Still and all, Batman is not a complete fool, or he never would have lasted this long in his odd line of work. He may guess where the real trick was, any minute now . . . Selina hastily slides her hands back into the gloves she had stripped off and stashed beneath a pillow, then retrieves her pack and heads for the front door. Out into the corridor, move two doors to the left, and open the unlocked door of the apartment she had rented a week ago as a hidey-hole for just such an emergency. (The security deposit and first month's rent were trivial expenses compared to the profits she'll reap from this caper.)

Once inside, this door now bolted and chained behind her, Selina lets herself relax. There is no way Batman can catch her now. Sometime tomorrow or the day after, he might—or the police might—get lists of all the recently arrived tenants in this complex and start looking for oddities. But she doubts anything will come up to let the cops get a search warrant for this apartment in particular, and even if they do, so what? She won't be here any more.

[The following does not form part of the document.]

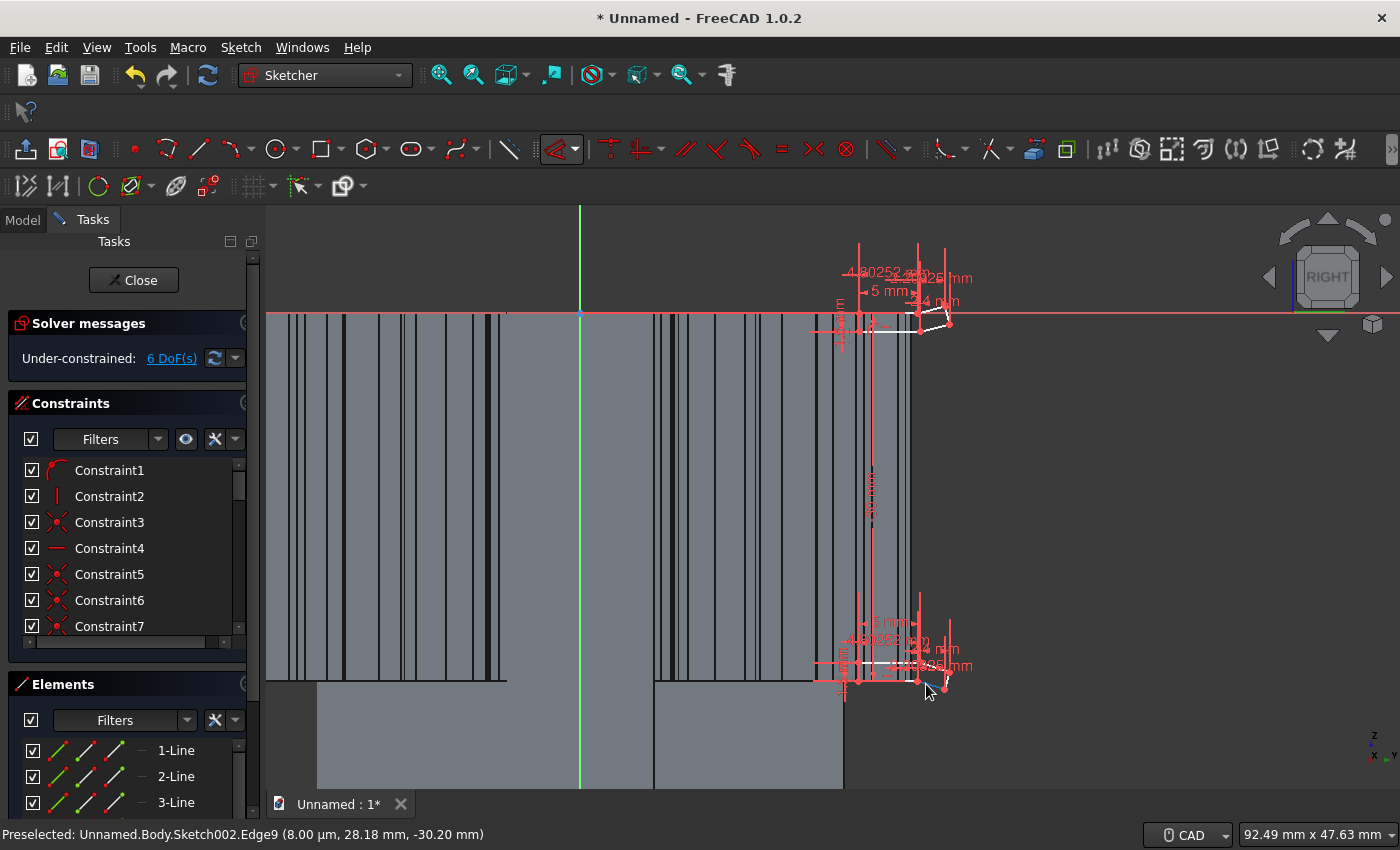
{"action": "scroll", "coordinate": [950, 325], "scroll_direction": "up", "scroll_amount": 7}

A few hours from now, Selina will leave the building dressed as a chubby, middle-aged woman on her way to get an early day's start at the office, climbing into a car which has the proper parking tag in the back window to show it belongs here. Batman will be long gone by then, and it would be a neat trick for him to recognize her in that get-up, anyhow.

She just hopes it was a sheer fluke that he stumbled across her this time. Surviving such a close call was exhiliarating, but she's not counting on it to work out the same way on a regular basis! If the police can ever book her just once, ending up with her photo, fingerprints, and DNA on file for future reference, her life will become miserable even if she subsequently escapes their custody . . .


Author's Note: I wrote much of this a long time ago, after I had written a few thousand words' worth of plot outline for what I would like to see in the next Batman film, and then decided to flesh out the part which dealt with the "first meeting" between the Bat and the Cat. I don't know if I'll ever go any further with that, but recently I looked at the unfinished rough draft of this sequence, and decided it would be good practice to polish it up and then post it as a self-contained short story.